Read your policy. If it excludes rideshare specifically or doesn't even mention rideshare, call your insurer and have them update your policy to reflect rideshare coverage. Then, re-read your policy and understand the language contained within. If not, it's worth paying a small fee to have a legal mind help you understand the policy.

Uber makes it pretty clear what they cover and what they don't and when. But within their statement on insurance, it specifically calls out that they will cover you and your vehicle in period 2 & 3 only if you maintain a personal policy that contains comprehensive/collision. That's where the legal gray area is in my mind, aside of course from the Gap in period 1.

So, if you have full coverage on a personal policy and are at fault during period 2 or 3, but your personal policy excludes or does not define rideshare coverage they will most likely drop you since rideshare is not within the scope of your policy. Then, since you're dropped from your personal policy, Uber/JR has no validation or legal obligation to cover you or your vehicle for period 2 or 3 at the time of the incident?

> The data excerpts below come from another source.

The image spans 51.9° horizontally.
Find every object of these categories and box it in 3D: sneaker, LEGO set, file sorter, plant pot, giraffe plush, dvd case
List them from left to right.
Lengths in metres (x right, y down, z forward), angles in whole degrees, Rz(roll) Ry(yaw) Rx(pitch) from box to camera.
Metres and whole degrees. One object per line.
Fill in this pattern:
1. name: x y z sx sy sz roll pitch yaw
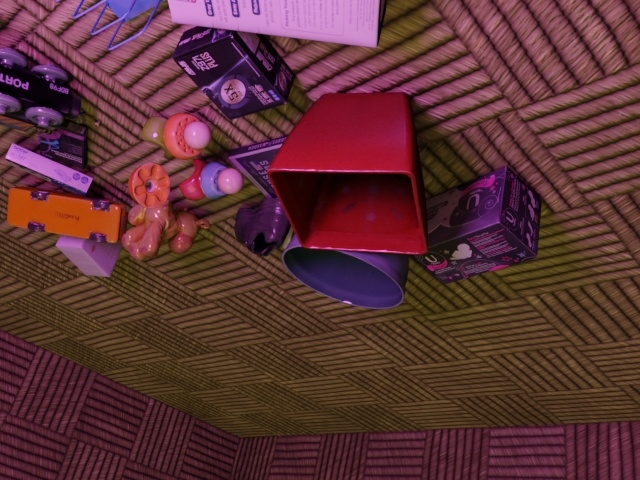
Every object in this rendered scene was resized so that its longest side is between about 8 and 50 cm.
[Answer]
1. LEGO set: -0.554 -0.282 1.527 0.083 0.023 0.054 17 149 -6
2. file sorter: -0.379 -0.431 1.135 0.118 0.104 0.170 -11 142 35
3. giraffe plush: -0.403 -0.033 1.763 0.171 0.210 0.181 22 -172 -43
4. sneaker: -0.160 -0.019 1.683 0.109 0.130 0.286 21 161 -19
5. dvd case: -0.069 -0.169 1.520 0.239 0.029 0.179 -9 142 32
6. plant pot: 0.081 0.007 1.537 0.293 0.196 0.293 18 155 9
7. plant pot: 0.080 -0.146 1.297 0.267 0.235 0.267 3 149 17

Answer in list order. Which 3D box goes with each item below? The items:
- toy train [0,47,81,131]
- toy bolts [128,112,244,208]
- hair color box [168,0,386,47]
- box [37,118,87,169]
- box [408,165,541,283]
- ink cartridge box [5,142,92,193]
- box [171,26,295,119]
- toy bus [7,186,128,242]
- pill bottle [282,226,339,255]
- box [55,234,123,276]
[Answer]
1. toy train: -0.679 -0.313 1.365 0.190 0.142 0.334 -9 165 43
2. toy bolts: -0.286 -0.149 1.471 0.159 0.218 0.228 6 159 39
3. hair color box: -0.070 -0.419 1.031 0.348 0.105 0.173 9 149 6
4. box: -0.632 -0.243 1.616 0.116 0.029 0.162 19 151 -9
5. box: 0.340 -0.030 1.458 0.142 0.163 0.247 37 142 -28
6. ink cartridge box: -0.699 -0.180 1.702 0.207 0.046 0.097 24 169 -19
7. box: -0.161 -0.328 1.246 0.148 0.077 0.180 -8 144 32
8. toy bus: -0.688 -0.072 1.805 0.333 0.108 0.130 9 -174 7
9. pill bottle: 0.000 0.000 1.698 0.184 0.103 0.103 18 149 -8
10. box: -0.679 0.010 1.953 0.091 0.130 0.170 3 147 18

^^^ this paragraph leads to what I think could be a messy and most likely lengthy lawsuit between driver, Uber, JR, and driver's insurer since Uber doesn't clearly define what constitutes neglect of maintence of an appropriate policy and when that neglect is enforcible.

I may have blown this way out of proportion but I believe it's a valid concern.


----------



## Maven (Feb 9, 2017)

Hyperloop said:


> I am by no means an expert, and am brand new to Uber, but this is what I've distilled from this whole insurance gray area and gap coverage. Can someone chime in and let me know if I'm on the right track of thinking?
> 
> Read your policy. If it excludes rideshare specifically or doesn't even mention rideshare, call your insurer and have them update your policy to reflect rideshare coverage. Then, re-read your policy and understand the language contained within. If not, it's worth paying a small fee to have a legal mind help you understand the policy.
> 
> ...


You have *not *blown this way out of proportion. It's both a valid and serious concern. *See the pinned post in this forum. 

DO NOT* call your insurer and have them update your policy to reflect rideshare coverage. Most insurers will drop your personal coverage immediately if you admit to doing ridesharing. Even asking a question may flag you account for "special treatment". Check using an independent agent without identifying yourself.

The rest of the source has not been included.